┌─ Material for this task

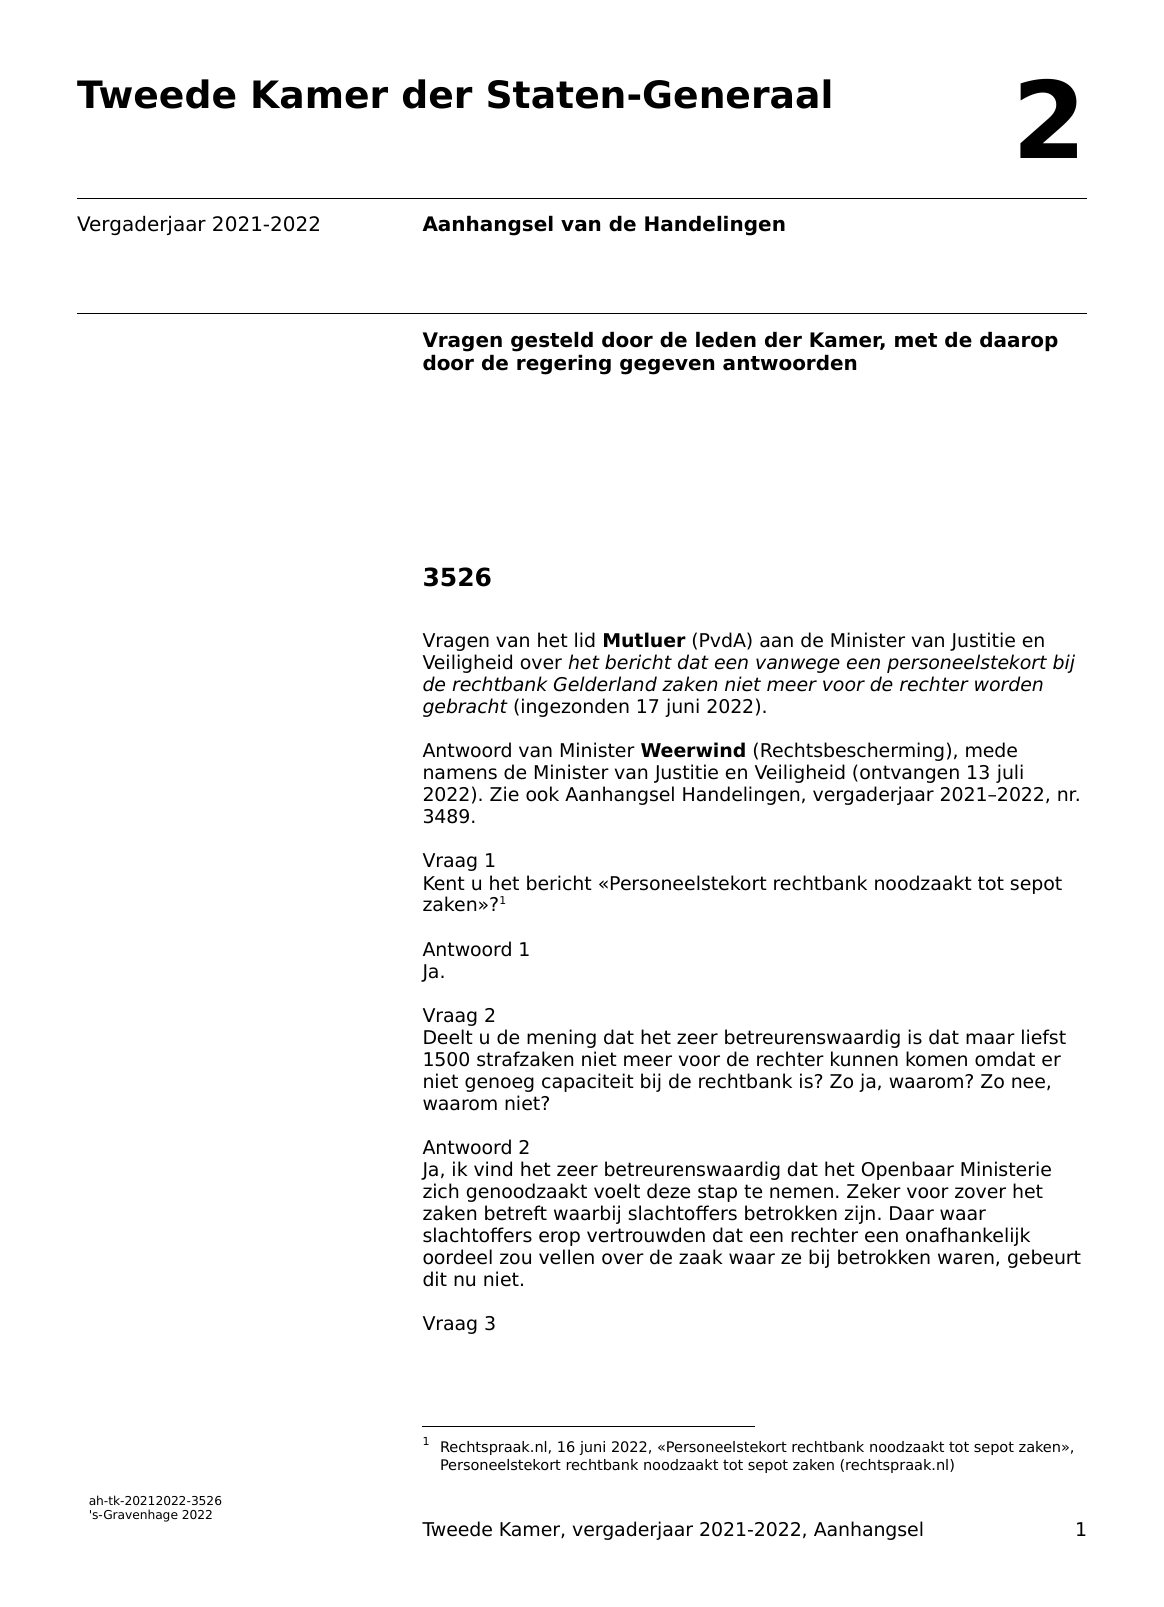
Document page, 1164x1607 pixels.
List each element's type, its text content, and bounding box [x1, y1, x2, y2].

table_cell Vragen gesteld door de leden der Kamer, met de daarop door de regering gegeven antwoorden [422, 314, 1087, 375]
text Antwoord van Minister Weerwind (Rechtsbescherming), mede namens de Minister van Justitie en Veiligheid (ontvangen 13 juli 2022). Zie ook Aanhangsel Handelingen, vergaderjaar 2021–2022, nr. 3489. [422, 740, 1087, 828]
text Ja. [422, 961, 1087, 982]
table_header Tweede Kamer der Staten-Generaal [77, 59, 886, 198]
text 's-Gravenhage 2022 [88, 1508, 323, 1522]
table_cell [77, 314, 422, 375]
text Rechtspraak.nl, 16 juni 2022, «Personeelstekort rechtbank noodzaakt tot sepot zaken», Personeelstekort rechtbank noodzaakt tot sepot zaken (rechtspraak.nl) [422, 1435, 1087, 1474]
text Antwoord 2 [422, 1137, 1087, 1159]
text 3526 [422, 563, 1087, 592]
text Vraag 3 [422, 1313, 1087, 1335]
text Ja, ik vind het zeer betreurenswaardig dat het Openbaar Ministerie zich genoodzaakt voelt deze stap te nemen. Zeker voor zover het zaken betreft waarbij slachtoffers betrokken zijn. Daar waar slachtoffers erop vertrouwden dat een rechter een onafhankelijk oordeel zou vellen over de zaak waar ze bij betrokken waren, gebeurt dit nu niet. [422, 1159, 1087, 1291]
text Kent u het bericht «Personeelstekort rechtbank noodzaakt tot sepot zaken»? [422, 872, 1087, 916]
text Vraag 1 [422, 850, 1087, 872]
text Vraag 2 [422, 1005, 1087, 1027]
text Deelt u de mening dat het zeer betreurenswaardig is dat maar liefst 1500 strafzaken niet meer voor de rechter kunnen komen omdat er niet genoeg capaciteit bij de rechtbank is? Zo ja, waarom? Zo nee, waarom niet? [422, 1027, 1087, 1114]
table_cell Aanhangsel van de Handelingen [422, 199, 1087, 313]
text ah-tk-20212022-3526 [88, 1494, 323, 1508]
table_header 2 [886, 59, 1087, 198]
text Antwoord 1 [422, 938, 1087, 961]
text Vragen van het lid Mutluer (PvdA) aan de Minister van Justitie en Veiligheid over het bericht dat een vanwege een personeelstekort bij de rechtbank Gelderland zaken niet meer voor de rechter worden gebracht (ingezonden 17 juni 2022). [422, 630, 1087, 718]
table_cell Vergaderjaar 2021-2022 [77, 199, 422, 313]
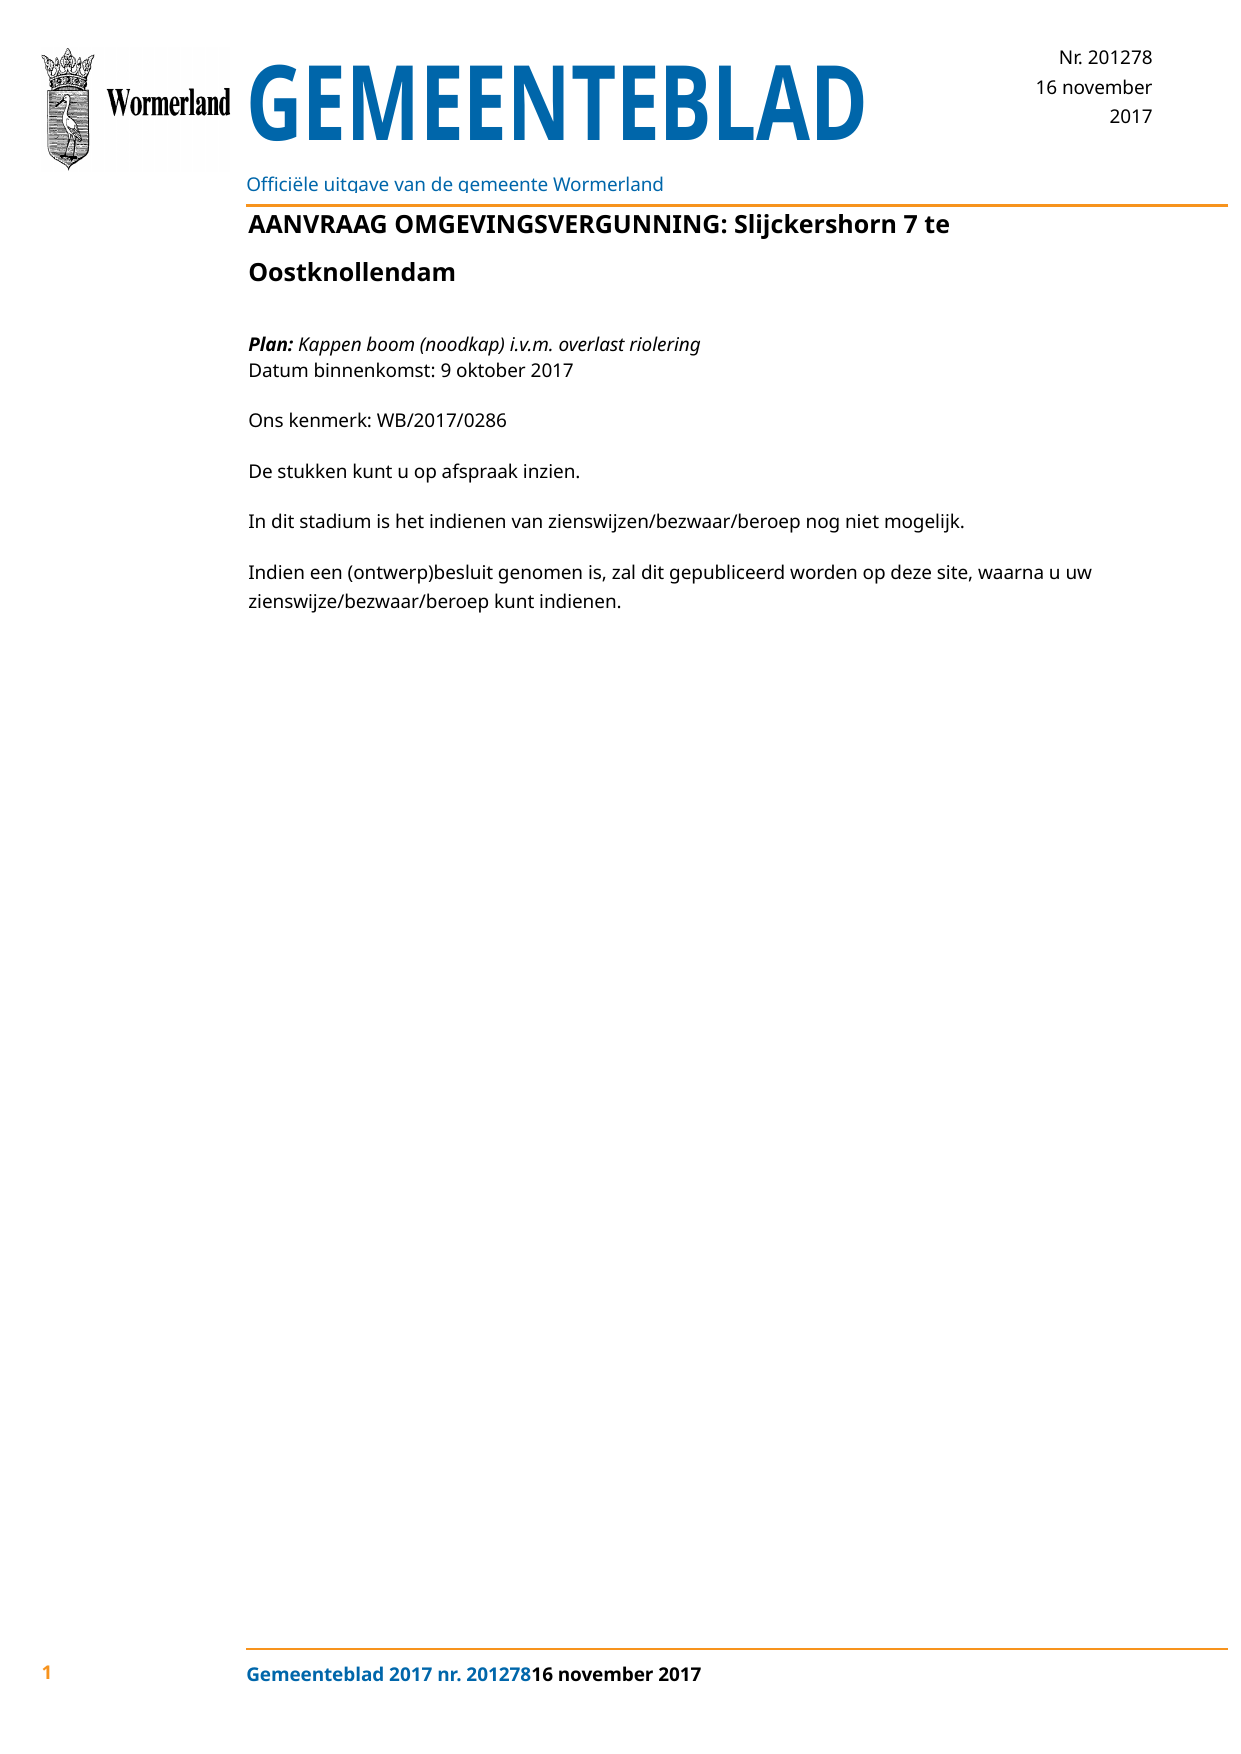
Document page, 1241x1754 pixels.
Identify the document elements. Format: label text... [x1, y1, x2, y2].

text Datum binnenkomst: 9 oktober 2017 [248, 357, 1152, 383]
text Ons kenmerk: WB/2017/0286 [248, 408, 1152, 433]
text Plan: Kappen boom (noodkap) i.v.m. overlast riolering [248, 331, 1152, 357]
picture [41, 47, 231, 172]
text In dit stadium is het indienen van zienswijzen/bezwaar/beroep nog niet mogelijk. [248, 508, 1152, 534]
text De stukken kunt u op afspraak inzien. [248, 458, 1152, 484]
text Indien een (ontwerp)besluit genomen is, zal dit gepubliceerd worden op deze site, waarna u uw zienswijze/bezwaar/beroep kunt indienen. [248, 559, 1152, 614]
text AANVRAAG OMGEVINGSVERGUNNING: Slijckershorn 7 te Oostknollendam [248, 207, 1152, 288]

└─

Task details ▸ Using the material, show each line where the string "sepot" can be found.

Answer to the problem ▸
text Rechtspraak.nl, 16 juni 2022, «Personeelstekort rechtbank noodzaakt tot sepot zaken», Personeelstekort rechtbank noodzaakt tot sepot zaken (rechtspraak.nl) [422, 1435, 1087, 1474]
text Kent u het bericht «Personeelstekort rechtbank noodzaakt tot sepot zaken»? [422, 872, 1087, 916]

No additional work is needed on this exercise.